At least the dark will hide his flush. "I did promise to take measures about my eavesdropping," and if he's not meeting Erik's eyes, it's certainly because he needs to focus on rolling out his sleeping bag. "Think of it as insurance against dreams."

"Mine or yours?" Interesting; Erik's tone is more curious than closed.

"Either. Both." Charles shrugs and goes about settling in to his bedroll, ignoring Erik's interrogative eyebrow. Who knows what his mind will latch on to in this near-perfect silence when he's not awake to reign it in.

"It's really so hard to stay in your own head?"

Ah. There's a little of the edge back in Erik's tone. "Sadly, I don't come equipped with an off switch," and if he falls a bit short of jovial, well, it's late.
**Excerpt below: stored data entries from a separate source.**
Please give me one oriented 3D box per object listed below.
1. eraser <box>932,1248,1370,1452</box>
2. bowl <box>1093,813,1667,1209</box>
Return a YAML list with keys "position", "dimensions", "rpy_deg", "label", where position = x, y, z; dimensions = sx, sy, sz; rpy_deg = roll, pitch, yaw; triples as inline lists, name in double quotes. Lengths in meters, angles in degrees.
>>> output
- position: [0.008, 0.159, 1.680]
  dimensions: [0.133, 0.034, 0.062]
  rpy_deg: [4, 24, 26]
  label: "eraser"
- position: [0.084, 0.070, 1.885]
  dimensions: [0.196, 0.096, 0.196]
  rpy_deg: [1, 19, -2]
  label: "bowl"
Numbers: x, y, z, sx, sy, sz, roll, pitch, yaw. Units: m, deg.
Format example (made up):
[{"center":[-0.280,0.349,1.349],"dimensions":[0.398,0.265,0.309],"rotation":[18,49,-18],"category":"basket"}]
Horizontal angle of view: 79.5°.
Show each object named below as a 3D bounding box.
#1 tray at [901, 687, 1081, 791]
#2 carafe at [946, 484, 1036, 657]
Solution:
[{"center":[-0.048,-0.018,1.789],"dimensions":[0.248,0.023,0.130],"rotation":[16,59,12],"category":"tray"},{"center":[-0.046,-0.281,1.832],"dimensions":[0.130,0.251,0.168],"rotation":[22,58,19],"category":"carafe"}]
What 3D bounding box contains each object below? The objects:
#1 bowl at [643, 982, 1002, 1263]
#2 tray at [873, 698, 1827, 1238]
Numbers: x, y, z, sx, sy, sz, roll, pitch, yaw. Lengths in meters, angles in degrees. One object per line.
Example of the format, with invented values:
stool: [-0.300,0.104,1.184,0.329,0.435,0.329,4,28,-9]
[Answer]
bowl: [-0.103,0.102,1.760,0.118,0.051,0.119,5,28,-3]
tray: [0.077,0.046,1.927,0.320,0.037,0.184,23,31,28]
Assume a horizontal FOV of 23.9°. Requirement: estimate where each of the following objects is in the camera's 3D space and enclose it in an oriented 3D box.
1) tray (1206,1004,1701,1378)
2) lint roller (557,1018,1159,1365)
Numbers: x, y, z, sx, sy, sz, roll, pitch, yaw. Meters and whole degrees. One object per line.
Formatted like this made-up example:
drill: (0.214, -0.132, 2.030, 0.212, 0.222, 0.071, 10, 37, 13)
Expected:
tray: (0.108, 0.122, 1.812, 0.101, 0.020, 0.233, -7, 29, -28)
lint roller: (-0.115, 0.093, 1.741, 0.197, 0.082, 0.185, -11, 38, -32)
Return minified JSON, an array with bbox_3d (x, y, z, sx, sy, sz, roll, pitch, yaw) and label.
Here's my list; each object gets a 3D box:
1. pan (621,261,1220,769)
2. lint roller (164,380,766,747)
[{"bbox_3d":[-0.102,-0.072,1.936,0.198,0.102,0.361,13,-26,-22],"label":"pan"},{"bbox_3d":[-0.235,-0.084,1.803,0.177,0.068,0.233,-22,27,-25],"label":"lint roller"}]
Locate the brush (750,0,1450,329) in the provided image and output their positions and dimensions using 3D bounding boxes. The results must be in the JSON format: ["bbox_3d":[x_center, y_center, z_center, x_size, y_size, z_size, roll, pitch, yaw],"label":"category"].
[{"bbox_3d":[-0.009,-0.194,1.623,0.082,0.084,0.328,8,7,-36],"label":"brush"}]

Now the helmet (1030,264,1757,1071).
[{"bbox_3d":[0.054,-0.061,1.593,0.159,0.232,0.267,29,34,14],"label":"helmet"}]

Erik's staring at his hands now, and Charles doesn't need his advantages to know that the man's thinking, wrongly, that his own power only comes up when called. Remarkable, that he doesn't feel his body's constant dialogue with the metal around them, an ever-present itch in Charles' mind.

That's a trouble for another day. Charles closes his eyes, surrenders to the familiar, welcome muzziness of drink. If it was enough to keep his mind close in the crowded pubs of Oxford it would – should – keep him out of his new friend's thoughts absent deliberate effort to the contrary, even if he can feel them pressing around the edges of his consciousness.

It seems, however, that Erik's not quite through with him. "I think you and I were built for the city," he says, contemplative, staring at the stars. "I wonder if there are so many of us out here because they're like our friend the surveyor, tied to nature more than industry."

Charles has his own suspicions about what might draw mutants to a place where there are often miles between houses and it's not unusual to greet unannounced guests with the barrel of a shotgun. But that, too, is a battle for another day, and one he'd be glad to lose. "Perhaps," he allows, and slips into sleep.